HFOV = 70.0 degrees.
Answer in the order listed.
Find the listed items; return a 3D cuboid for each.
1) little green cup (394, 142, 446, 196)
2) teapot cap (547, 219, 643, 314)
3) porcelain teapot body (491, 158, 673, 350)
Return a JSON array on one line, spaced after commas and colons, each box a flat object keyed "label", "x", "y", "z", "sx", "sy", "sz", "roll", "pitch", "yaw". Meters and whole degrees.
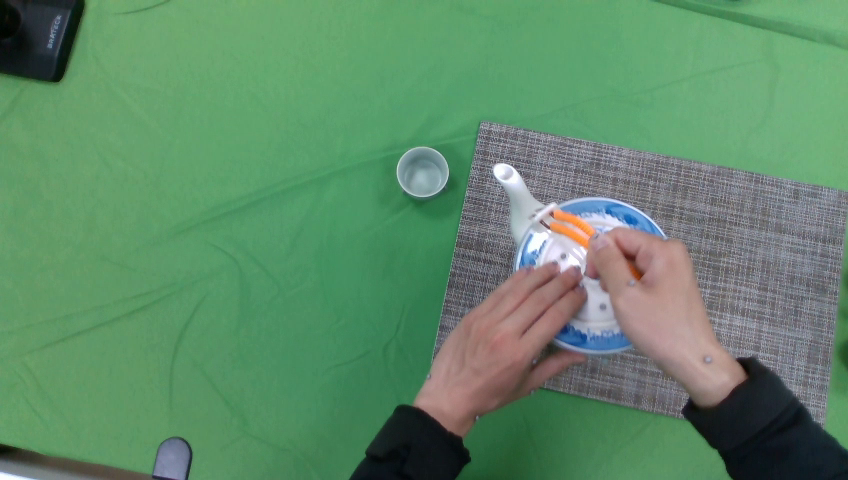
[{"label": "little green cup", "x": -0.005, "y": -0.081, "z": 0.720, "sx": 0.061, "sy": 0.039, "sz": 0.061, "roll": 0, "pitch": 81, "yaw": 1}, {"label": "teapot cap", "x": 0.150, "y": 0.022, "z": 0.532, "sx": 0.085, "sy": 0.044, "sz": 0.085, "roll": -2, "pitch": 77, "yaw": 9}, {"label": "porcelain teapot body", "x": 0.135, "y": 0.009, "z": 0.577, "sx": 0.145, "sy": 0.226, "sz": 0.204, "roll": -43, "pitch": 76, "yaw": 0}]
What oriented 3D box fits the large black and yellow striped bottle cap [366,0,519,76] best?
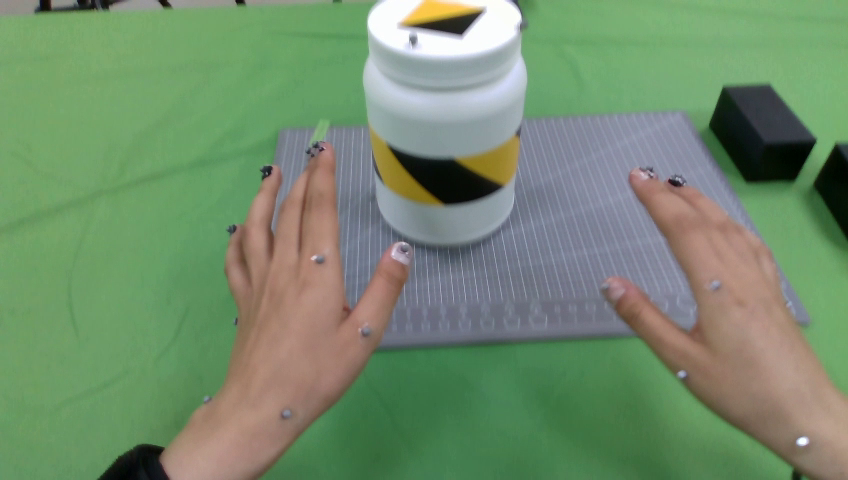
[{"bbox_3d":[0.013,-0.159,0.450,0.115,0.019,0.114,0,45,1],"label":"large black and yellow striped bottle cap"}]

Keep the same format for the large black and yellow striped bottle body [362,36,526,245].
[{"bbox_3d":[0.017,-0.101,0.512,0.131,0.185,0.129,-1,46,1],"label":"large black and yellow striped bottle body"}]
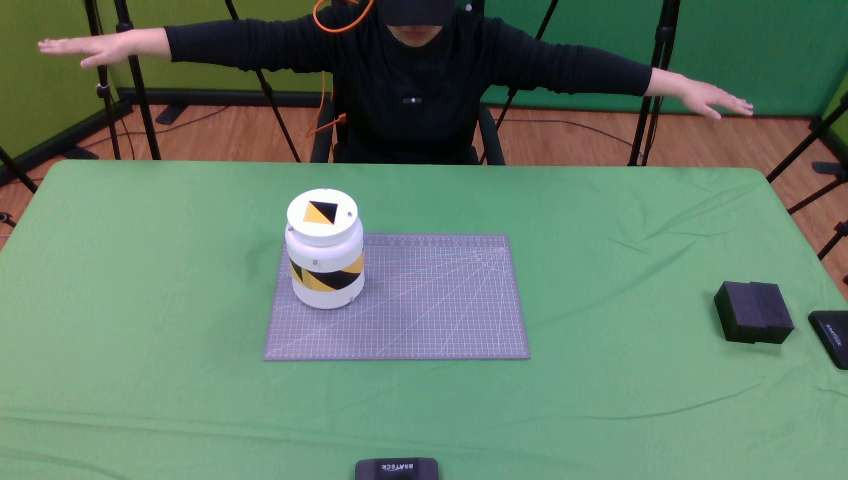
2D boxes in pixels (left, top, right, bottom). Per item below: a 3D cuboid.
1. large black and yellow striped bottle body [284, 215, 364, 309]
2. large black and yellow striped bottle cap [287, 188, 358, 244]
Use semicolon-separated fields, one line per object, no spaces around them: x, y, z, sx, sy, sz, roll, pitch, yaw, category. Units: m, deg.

******************************

| Problem to work on |
Each line from the one containing "2D boxes in" through the end of the material must be output exactly, and no other line.

| Task answer |
2D boxes in pixels (left, top, right, bottom). Per item below: a 3D cuboid.
1. large black and yellow striped bottle body [284, 215, 364, 309]
2. large black and yellow striped bottle cap [287, 188, 358, 244]
Use semicolon-separated fields, one line per object, no spaces around them: x, y, z, sx, sy, sz, roll, pitch, yaw, category. Units: m, deg.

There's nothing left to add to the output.